In experiments exploring techniques of operating extended body parts such as robot arms, with the same sensations as moving one's own body, it was found that, when a subject's hand is changed into a visually split state in VR, subjects move some sensation of their own body into the split hand. People can smoothly operate an extended body part by establishing a correspondence of the part with that position.

Prof. Shigemasu is also engaged in joint research on VR with researchers inside and outside Japan. Through experiments, he is empirically clarifying not only low-level processing like sensation and perception, but also high-level psychological effects such as motivation and empathy.

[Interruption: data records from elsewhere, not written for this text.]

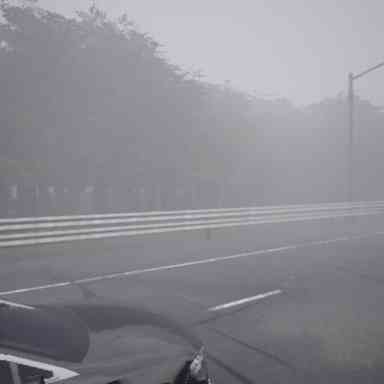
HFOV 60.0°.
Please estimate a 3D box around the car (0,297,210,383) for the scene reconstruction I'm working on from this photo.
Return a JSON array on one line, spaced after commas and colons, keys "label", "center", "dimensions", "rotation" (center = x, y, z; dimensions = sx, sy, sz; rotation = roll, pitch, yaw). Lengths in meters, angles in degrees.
[{"label": "car", "center": [-2.070, 1.494, 2.267], "dimensions": [4.902, 1.511, 2.128], "rotation": [0, 0, -35]}]
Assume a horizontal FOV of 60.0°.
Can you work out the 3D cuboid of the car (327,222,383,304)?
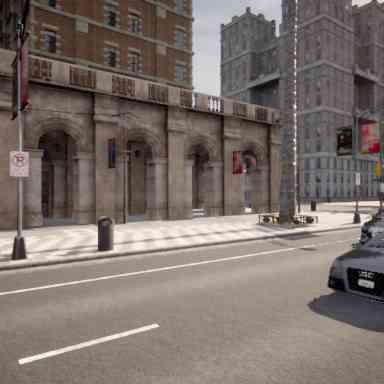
[{"bbox_3d":[4.943,1.563,7.496,4.181,1.385,1.994,0,0,-35],"label":"car"}]

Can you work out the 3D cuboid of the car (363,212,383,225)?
[{"bbox_3d":[9.565,1.492,15.031,4.902,1.511,2.128,0,0,-35],"label":"car"}]
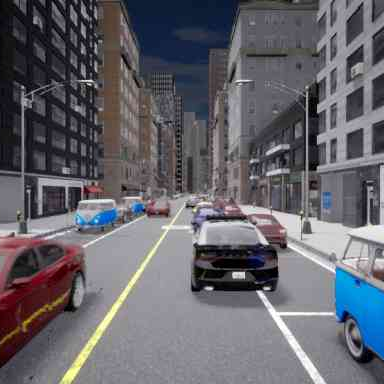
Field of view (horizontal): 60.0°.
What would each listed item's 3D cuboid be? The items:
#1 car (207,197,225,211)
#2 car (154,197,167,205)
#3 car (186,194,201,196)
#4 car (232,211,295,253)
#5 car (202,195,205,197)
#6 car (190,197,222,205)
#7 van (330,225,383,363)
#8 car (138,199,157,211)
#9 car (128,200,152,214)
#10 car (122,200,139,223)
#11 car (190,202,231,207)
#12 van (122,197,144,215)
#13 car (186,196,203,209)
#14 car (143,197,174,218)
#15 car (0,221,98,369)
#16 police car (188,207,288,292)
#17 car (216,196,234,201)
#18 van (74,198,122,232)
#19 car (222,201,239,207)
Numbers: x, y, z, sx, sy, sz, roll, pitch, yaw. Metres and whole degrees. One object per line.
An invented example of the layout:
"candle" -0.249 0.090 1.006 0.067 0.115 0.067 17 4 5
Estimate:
"car" 2.959 1.444 41.814 1.967 1.590 4.097 0 0 0
"car" -5.526 1.592 58.339 1.802 1.307 4.206 0 0 0
"car" 0.147 1.536 59.331 1.812 1.442 4.674 0 0 0
"car" 2.891 1.582 14.307 1.802 1.307 4.206 0 0 0
"car" 2.986 1.558 52.817 2.008 1.369 4.403 0 0 0
"car" 0.961 1.456 25.178 1.801 1.575 5.366 0 0 0
"van" 2.863 1.341 3.304 1.690 1.788 3.998 0 0 0
"car" -5.566 1.585 41.835 1.802 1.307 4.206 0 0 0
"car" -5.580 1.568 36.334 1.947 1.339 4.313 0 0 0
"car" -5.608 1.551 25.331 2.008 1.369 4.403 0 0 0
"car" 0.946 1.526 18.987 1.812 1.442 4.674 0 0 0
"van" -5.594 1.342 30.832 1.690 1.788 3.998 0 0 0
"car" 0.132 1.569 45.938 1.994 1.385 4.181 0 0 0
"car" -2.926 1.478 30.352 1.882 1.535 5.008 0 0 0
"car" -3.090 1.477 4.875 1.882 1.535 5.008 0 0 0
"police car" 0.922 1.425 9.097 1.930 1.638 5.238 0 0 0
"car" 2.931 1.316 30.811 2.192 1.841 5.009 0 0 0
"van" -5.622 1.341 19.831 1.690 1.788 3.998 0 0 0
"car" 2.918 1.582 25.309 1.802 1.307 4.206 0 0 0

Among his other activities, Prof. Shigemasu is a participant in the R&D organization "Healthcare x VR" established by the Kochi Medical School. He conducts joint research with corporations aimed at treatment and remote medicine employing VR. He collaborates with e-Jan Networks Co. in support of corporate telework, and he has also started research investigating the psychological effects of communication in three-dimensional spaces. He is engaged in diverse interdisciplinary projects, such as technical cooperation with an event offering simulated experience of the Yosakoi Festival in a VR environment. He says that "the scope of my research has been steadily broadening due to the evolution of VR," but his objective lies, in the end, in elucidating the information processing systems of the human brain that have been optimized through the course of evolution.

Prof. Shigemasu has high expectations: "By using VR to examine spaces, or perceptions/reactions relating to one's own state, that cannot exist in reality, we can--paradoxically--uncover the characteristics of brain processing systems which have adapted to the real world." VR is a cutting-edge technology, and seems to have significant potential, even as a tool for investigating the nature of human beings. "By freely manipulating the world and people's bodies in VR, and examining what determines oneself, we can pursue the fundamental question: 'what is the self?' Explication of the brain's processing systems and a clearer understanding of the nature of the mind and self may bring into focus the tools and interfaces people truly need."